The sphere is the simplest and most useful model of the Earth. Known properties of the sphere then serve as the base on which to build mapping of the sphere. A few of these simple properties are enumerated below. Suppose the center of the sphere is denoted as O. Choose any point P on the surface of the sphere. Join P to O. The line PO will pierce the sphere in another point, P'. The points P and P' are said to be antipodal (from "anti" "pedes": "opposite" "feet"): they are points at either end of the diameter of the earth sphere.
A plane may cut the earth sphere; it may be tangent to the sphere; or, it may not touch the sphere. If the plane cuts the sphere, and passes through O, then the trace the plane makes on the sphere surface is called a great circle. A great circle is the largest circle that can be drawn on the sphere. If the plane does not pass through O then the resulting circle on the sphere surface is called a small circle (smaller than a great circle). An infinite number of great circles and small circles are possible. The shortest distance (geodesic) between two points on a sphere is measured along an arc of a great circle. For antipodal points, geodesics are not unique; for all other pairs of points on the sphere, they are.

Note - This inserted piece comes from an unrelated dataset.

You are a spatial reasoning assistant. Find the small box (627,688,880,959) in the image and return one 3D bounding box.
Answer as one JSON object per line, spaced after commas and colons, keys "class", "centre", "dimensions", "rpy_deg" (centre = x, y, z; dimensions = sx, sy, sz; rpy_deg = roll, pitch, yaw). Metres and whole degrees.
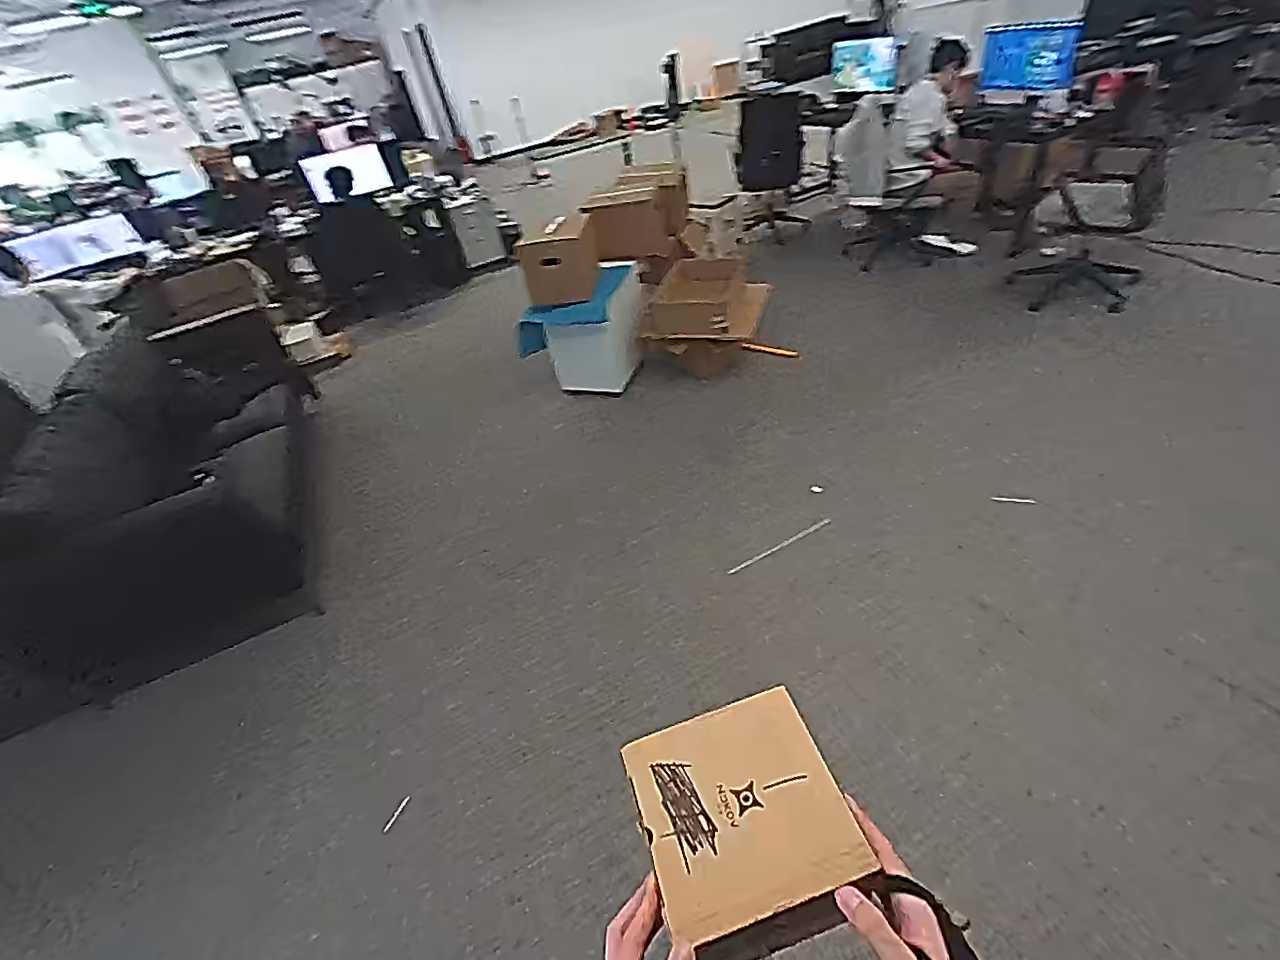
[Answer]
{"class": "small box", "centre": [0.104, 0.341, 0.523], "dimensions": [0.179, 0.176, 0.168], "rpy_deg": [-18, 40, -5]}

Coordinate systems are often useful (Figure 1.10). Great and small circles are conventionally used as coordinates on the earth sphere. Select the great circle that bisects the distance between designated north and south rotational poles of the Earth. Call that great circle the Equator. Introduce a set of small circles north and south of the Equator whose planes are parallel to the equatorial plane. These small circles are called parallels. The Equator serves as a horizontal axis used to reference positions of small circles (2nd parallel south, and so forth). Find a vertical axis. A pencil of planes orthogonal to the equatorial plane contains the north-south equatorial axis as a common line. Each of these orthogonal planes traces out a great circle passing through north and south poles. Halves of great circles going from pole to pole are called meridians. Contemporary use is to designate a half of a great circle that passes through Greenwich, England as the vertical reference line, or Prime Meridian. Positions of other meridians are thought of as east or west of the Prime Meridian.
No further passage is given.